I went up into the salon and came back out a moment later with the night vision headsets Rusty and I used to ambush Earl and his crew up on Shark River.
Handing one to Billy, I said, “At night, he’s got to have a fire, probably very small, just to cook on and keep the bugs at bay. With these, we can see that fire from half a mile away. I also have a pair of handheld UHF radios.”
We ate the steaks and then climbed up on the bridge with a couple more beers. We talked about old times for a while then Billy said he had a couple things he’d need to get from his house and gave me directions to it, preferring to walk home. We agreed that I’d pick him up at 0600 and we’d head out to Okaloacoochee Slough from there. After he left, I took advantage of the darkness and loaded the Bronco with everything I’d brought.
Chapter Seventeen
I woke at 0530 and filled my thermos with coffee. After I secured the Revenge and set the alarm I got in the Bronco and drove the three blocks to Billy’s house. He was waiting on the porch and rose as I pulled up. He walked down the sidewalk, carrying a Remington 700 rifle. The 700 is the platform that the M40 is built on. Chambered for .308 ammunition, it’s a very accurate rifle, favored by deer hunters.
When he opened the back door I said, “There’s an empty fly rod case that’ll fit into on the back seat.”
Without a word, he opened the case and put the rifle in it. I figured he’d be bringing his dad’s old rifle. I helped him lift his wooden canoe up onto the roof and strap it down next to mine. Then we got in the truck and started driving. We were both quiet. No words needed to be spoken. We didn’t have very far to go.

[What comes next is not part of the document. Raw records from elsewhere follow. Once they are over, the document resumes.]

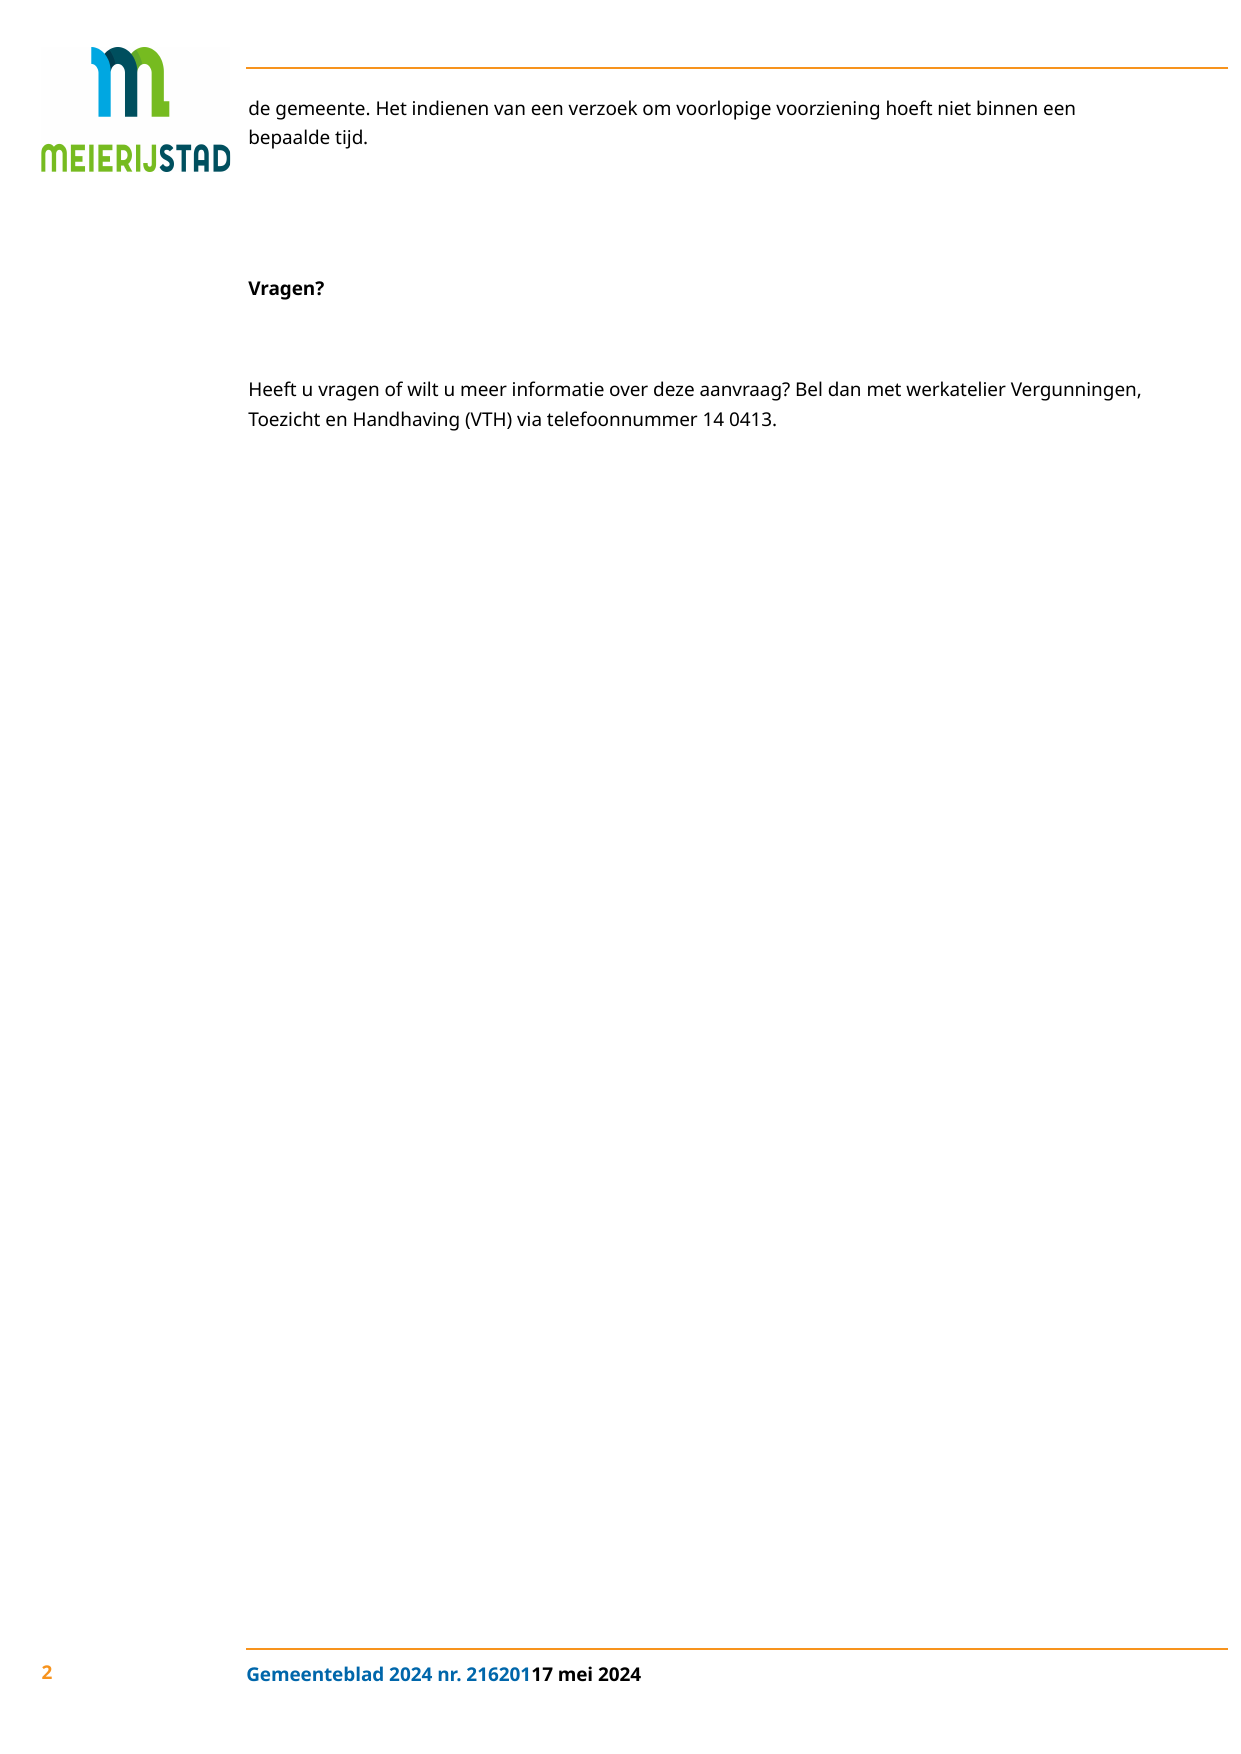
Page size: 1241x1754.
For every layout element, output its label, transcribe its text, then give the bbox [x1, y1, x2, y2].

picture [41, 47, 231, 172]
text Vragen? [248, 276, 1152, 301]
text de gemeente. Het indienen van een verzoek om voorlopige voorziening hoeft niet binnen een bepaalde tijd. [248, 95, 1152, 150]
text Heeft u vragen of wilt u meer informatie over deze aanvraag? Bel dan met werkatelier Vergunningen, Toezicht en Handhaving (VTH) via telefoonnummer 14 0413. [248, 376, 1152, 432]

Growing up in Lee and Hendry Counties, both of us loved the outdoors. We fished and hunted together as soon as we were old enough. Billy was a great, natural tracker and could follow a feral hog or deer for miles through the dense forest. But, today we were hunting the most dangerous animal in the forest. Man.
Thirteen miles due south of LaBelle on Highway 29 we drove. The road was straight as the proverbial arrow, like many roads in Florida. There just weren’t any obstacles to road building in the early days, besides swamp and trees, which were pretty much everywhere. The early road builders laid out grids and built roads in straight lines. I turned off onto Keri Road, which goes through the State Forest from the west, to the park office. We had no intention of registering to camp, though. After four miles on the paved road, I turned south onto Sic Island Road, which is really just two overgrown ruts, that wound its way south, deeper into the cypress forest.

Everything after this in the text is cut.